Segment Open

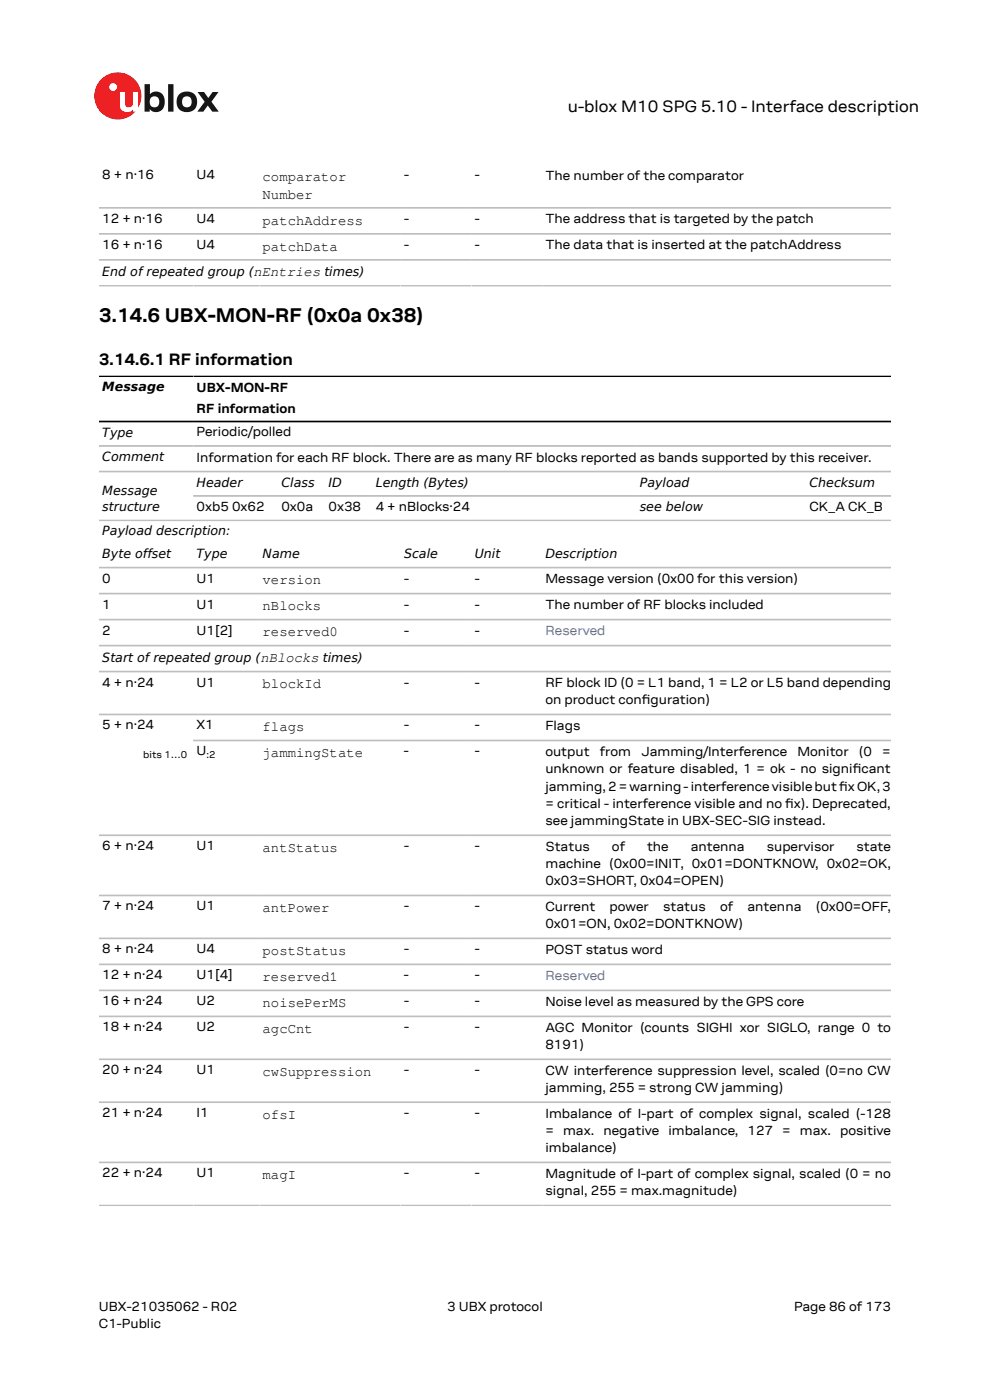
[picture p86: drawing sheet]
<svg xmlns="http://www.w3.org/2000/svg" width="210mm" height="297mm" viewBox="0 0 210 297" stroke-linecap="round" stroke-linejoin="round" font-family="sans-serif">
<defs><g id="words">
<text font-size="4.2" x="21" y="68.3">3.14.6 UBX-MON-RF (0x0a 0x38)</text>
<g font-size="3.5">
<text x="120.4" y="23.7">u-blox M10 SPG 5.10 - Interface description</text>
<text x="21" y="77.4">3.14.6.1 RF information</text>
</g>
<g font-size="3">
<text x="55.7" y="38.4">comparator</text>
<text x="55.7" y="42.1">Number</text>
<text x="55.7" y="47.6">patchAddress</text>
<text x="55.7" y="53.1">patchData</text>
<text x="55.7" y="123.9">version</text>
<text x="55.7" y="129.5">nBlocks</text>
<text x="55.7" y="135">reserved0</text>
<text x="55.7" y="146">blockId</text>
<text x="55.7" y="155.1">flags</text>
<text x="55.7" y="160.6">jammingState</text>
<text x="55.7" y="180.7">antStatus</text>
<text x="55.7" y="193.5">antPower</text>
<text x="55.7" y="202.6">postStatus</text>
<text x="55.7" y="208.1">reserved1</text>
<text x="55.7" y="213.6">noisePerMS</text>
<text x="55.7" y="219.2">agcCnt</text>
<text x="55.7" y="228.3">cwSuppression</text>
<text x="55.7" y="237.4">ofsI</text>
<text x="55.7" y="250.1">magI</text>
</g>
<g font-size="2.8">
<text x="21.7" y="38">8 + n·16</text>
<text x="41.7" y="38">U4</text>
<text x="85.7" y="38">-</text>
<text x="100.7" y="38">-</text>
<text x="115.7" y="38.1">The number of the comparator</text>
<text x="21.7" y="47.3">12 + n·16</text>
<text x="41.7" y="47.3">U4</text>
<text x="85.7" y="47.3">-</text>
<text x="100.7" y="47.3">-</text>
<text x="115.7" y="47.4">The address that is targeted by the patch</text>
<text x="21.7" y="52.8">16 + n·16</text>
<text x="41.7" y="52.8">U4</text>
<text x="85.7" y="52.8">-</text>
<text x="100.7" y="52.8">-</text>
<text x="115.7" y="52.9">The data that is inserted at the patchAddress</text>
<text x="41.7" y="83.1">UBX-MON-RF</text>
<text x="41.7" y="87.7">RF information</text>
<text x="41.7" y="92.6">Periodic/polled</text>
<text x="41.7" y="97.9">Information for each RF block. There are as many RF blocks reported as bands supported by this receiver.</text>
<text x="41.7" y="108.4">0xb5 0x62</text>
<text x="59.7" y="108.4">0x0a</text>
<text x="69.7" y="108.4">0x38</text>
<text x="79.7" y="108.4">4 + nBlocks·24</text>
<text x="171.7" y="108.4">CK_A CK_B</text>
<text x="21.7" y="123.6">0</text>
<text x="41.7" y="123.6">U1</text>
<text x="85.7" y="123.6">-</text>
<text x="100.7" y="123.6">-</text>
<text x="115.7" y="123.7">Message version (0x00 for this version)</text>
<text x="21.7" y="129.1">1</text>
<text x="41.7" y="129.1">U1</text>
<text x="85.7" y="129.1">-</text>
<text x="100.7" y="129.1">-</text>
<text x="115.7" y="129.2">The number of RF blocks included</text>
<text x="21.7" y="134.6">2</text>
<text x="41.7" y="134.6">U1[2]</text>
<text x="85.7" y="134.6">-</text>
<text x="100.7" y="134.6">-</text>
<text x="21.7" y="145.6">4 + n·24</text>
<text x="41.7" y="145.6">U1</text>
<text x="85.7" y="145.6">-</text>
<text x="100.7" y="145.6">-</text>
<text x="115.7" y="145.8">RF block ID (0 = L1 band, 1 = L2 or L5 band depending</text>
<text x="115.7" y="149.4">on product confguration)</text>
<text x="136.2" y="149.4">i</text>
<text x="21.7" y="154.7">5 + n·24</text>
<text x="41.7" y="154.7">X1</text>
<text x="85.7" y="154.7">-</text>
<text x="100.7" y="154.7">-</text>
<text x="115.7" y="154.9">Flags</text>
<text x="41.7" y="160.3">U</text>
<text x="85.7" y="160.3">-</text>
<text x="100.7" y="160.3">-</text>
<text x="115.7" y="160.4">output</text>
<text x="127.2" y="160.4">from</text>
<text x="136" y="160.4">Jamming/Interference</text>
<text x="169.1" y="160.4">Monitor</text>
<text x="182.2" y="160.4">(0</text>
<text x="187.2" y="160.4">=</text>
<text x="115.7" y="164.1">unknown or feature disabled, 1 = ok - no signifcant</text>
<text x="115.7" y="167.7">jamming,2=warning-interferencevisiblebutfxOK,3</text>
<text x="178" y="167.7">i</text>
<text x="180.9" y="164.1">i</text>
<text x="115.7" y="171.4">= critical - interference visible and no fx). Deprecated,</text>
<text x="166.6" y="171.4">i</text>
<text x="115.7" y="175.1">see jammingState in UBX-SEC-SIG instead.</text>
<text x="21.7" y="180.4">6 + n·24</text>
<text x="41.7" y="180.4">U1</text>
<text x="85.7" y="180.4">-</text>
<text x="100.7" y="180.4">-</text>
<text x="115.7" y="180.5">Status</text>
<text x="115.7" y="184.2">machine (0x00=INIT, 0x01=DONTKNOW, 0x02=OK,</text>
<text x="129.8" y="180.5">of</text>
<text x="137.2" y="180.5">the</text>
<text x="146.5" y="180.5">antenna</text>
<text x="162.6" y="180.5">supervisor</text>
<text x="181.7" y="180.5">state</text>
<text x="115.7" y="187.8">0x03=SHORT, 0x04=OPEN)</text>
<text x="21.7" y="193.1">7 + n·24</text>
<text x="41.7" y="193.1">U1</text>
<text x="85.7" y="193.1">-</text>
<text x="100.7" y="193.1">-</text>
<text x="115.7" y="193.3">Current</text>
<text x="115.7" y="196.9">0x01=ON, 0x02=DONTKNOW)</text>
<text x="129.3" y="193.3">power</text>
<text x="140.7" y="193.3">status</text>
<text x="152.7" y="193.3">of</text>
<text x="158.5" y="193.3">antenna</text>
<text x="173" y="193.3">(0x00=OFF,</text>
<text x="21.7" y="202.2">8 + n·24</text>
<text x="41.7" y="202.2">U4</text>
<text x="85.7" y="202.2">-</text>
<text x="100.7" y="202.2">-</text>
<text x="115.7" y="202.4">POST status word</text>
<text x="21.7" y="207.8">12 + n·24</text>
<text x="41.7" y="207.8">U1[4]</text>
<text x="85.7" y="207.8">-</text>
<text x="100.7" y="207.8">-</text>
<text x="21.7" y="213.3">16 + n·24</text>
<text x="41.7" y="213.3">U2</text>
<text x="85.7" y="213.3">-</text>
<text x="100.7" y="213.3">-</text>
<text x="115.7" y="213.4">Noise level as measured by the GPS core</text>
<text x="21.7" y="218.8">18 + n·24</text>
<text x="41.7" y="218.8">U2</text>
<text x="85.7" y="218.8">-</text>
<text x="100.7" y="218.8">-</text>
<text x="115.7" y="218.9">AGC Monitor (counts SIGHI xor SIGLO, range 0 to</text>
<text x="21.7" y="227.9">20 + n·24</text>
<text x="41.7" y="227.9">U1</text>
<text x="85.7" y="227.9">-</text>
<text x="100.7" y="227.9">-</text>
<text x="115.7" y="222.6">8191)</text>
<text x="115.7" y="228">CW interference suppression level, scaled (0=no CW</text>
<text x="115.7" y="231.7">jamming, 255 = strong CW jamming)</text>
<text x="21.7" y="237">21 + n·24</text>
<text x="41.7" y="237">I1</text>
<text x="85.7" y="237">-</text>
<text x="100.7" y="237">-</text>
<text x="115.7" y="237.1">Imbalance of I-part of complex signal, scaled (-128</text>
<text x="115.7" y="240.8">= max. negative imbalance, 127 = max. positive</text>
<text x="115.7" y="244.5">imbalance)</text>
<text x="21.7" y="249.8">22 + n·24</text>
<text x="41.7" y="249.8">U1</text>
<text x="85.7" y="249.8">-</text>
<text x="100.7" y="249.8">-</text>
<text x="115.7" y="249.9">Magnitude of I-part of complex signal, scaled (0 = no</text>
<text x="115.7" y="253.6">signal, 255 = max.magnitude)</text>
<text x="21" y="278">UBX-21035062 - R02</text>
<text x="21" y="281.8">C1-Public</text>
<text x="94.9" y="278">3 UBX protocol</text>
<text x="168.4" y="278">Page 86 of 173</text>
</g>
<g font-size="2.8" fill="#4664b4">
<text x="115.7" y="134.6">Reserved</text>
<text x="115.7" y="207.9">Reserved</text>
</g>
<g font-size="2.7">
<text x="21.7" y="58.7">End of repeated group (nEntries times)</text>
<text x="21.7" y="83">Message</text>
<text x="21.7" y="92.6">Type</text>
<text x="21.7" y="97.8">Comment</text>
<text x="21.7" y="105">Message</text>
<text x="41.7" y="103.2">Header</text>
<text x="59.7" y="103.2">Class</text>
<text x="69.7" y="103.2">ID</text>
<text x="79.7" y="103.2">Length (Bytes)</text>
<text x="135.7" y="103.2">Payload</text>
<text x="171.7" y="103.2">Checksum</text>
<text x="21.7" y="108.4">structure</text>
<text x="21.7" y="113.6">Payload description:</text>
<text x="135.7" y="108.4">see below</text>
<text x="21.7" y="118.4">Byte offset</text>
<text x="41.7" y="118.4">Type</text>
<text x="55.7" y="118.4">Name</text>
<text x="85.7" y="118.4">Scale</text>
<text x="100.7" y="118.4">Unit</text>
<text x="115.7" y="118.4">Description</text>
<text x="21.7" y="140.5">Start of repeated group (nBlocks times)</text>
</g>
<g font-size="2.1">
<text x="30.4" y="160.8">bits 1…0</text>
<text x="43.8" y="160.8">:2</text>
</g>
</g></defs>
<circle cx="25" cy="20.4" r="5" fill="#ed2023"/>
<circle cx="24" cy="18.5" r=".83" fill="#fff"/>
<g fill="#151516">
<path d="M35.7 17.9h1.1v5.8h-1.1z"/>
<path d="M41.9 19.5h1.4l.9 1.3 .9-1.3h1.3l-1.6 2.1 1.6 2.1h-1.4l-.9-1.3-1 1.3h-1.2l1.5-2.1z"/>
<path d="M32 20.7a1.17 1.17 0 0 0-.1 1.5 1.17 1.17 0 0 0 1.4 .4 1.16 1.16 0 0 0 .4-1.6 1.16 1.16 0 0 0-1.7-.3zM30.7 17.9h1.1v2.1a1.82 1.82 0 0 1 2.2-.4 1.82 1.82 0 0 1 .9 2 1.83 1.83 0 0 1-1 2 1.83 1.83 0 0 1-2.1-.5v.6h-1.1z"/>
<path d="M38.9 20.7a1.18 1.18 0 0 0-.2 1.5 1.18 1.18 0 0 0 1.5 .4 1.18 1.18 0 0 0 .4-1.5 1.18 1.18 0 0 0-1.5-.5zM37.4 21.6a2.25 2.25 0 0 1 4.5 0 2.25 2.25 0 0 1-4.5 0z"/>
</g>
<path d="M25.4 19.5h1.1v2.5a.84 .84 0 0 0 1 .8 .84 .84 0 0 0 .7-1v-2.3h1.1v4.2h-1.1v-.5a1.59 1.59 0 0 1-1.8 .5 1.59 1.59 0 0 1-1-1.5z" fill="#fff"/>
<g fill="none" stroke="#bebebe" stroke-width=".35">
<path d="M21 44.1h168M21 49.6h168M21 55.1h168M21 60.6h168M21 94.6h168M21 100h168M21 110.4h168M41 105.2h148M21 120.4h168M21 125.9h168M21 131.4h168M21 137h168"/>
<path d="M21 142.5h168M21 151.6h168M41 157.1h148M21 177.2h168M21 190h168M21 199.1h168M21 204.6h168M21 210.1h168M21 215.6h168M21 224.7h168M21 233.8h168M21 246.6h168"/>
<path d="M21 255.7h168"/>
</g>
<path d="M21 79.8h168M21 89.4h168" fill="none" stroke="#000" stroke-width=".35"/>
<use href="#words"/>
</svg>

Segment Closed

» **Problem details**
Looking only at the lines of the material above, count those containing "Message" and give that number by itself.

» **Expected output**
3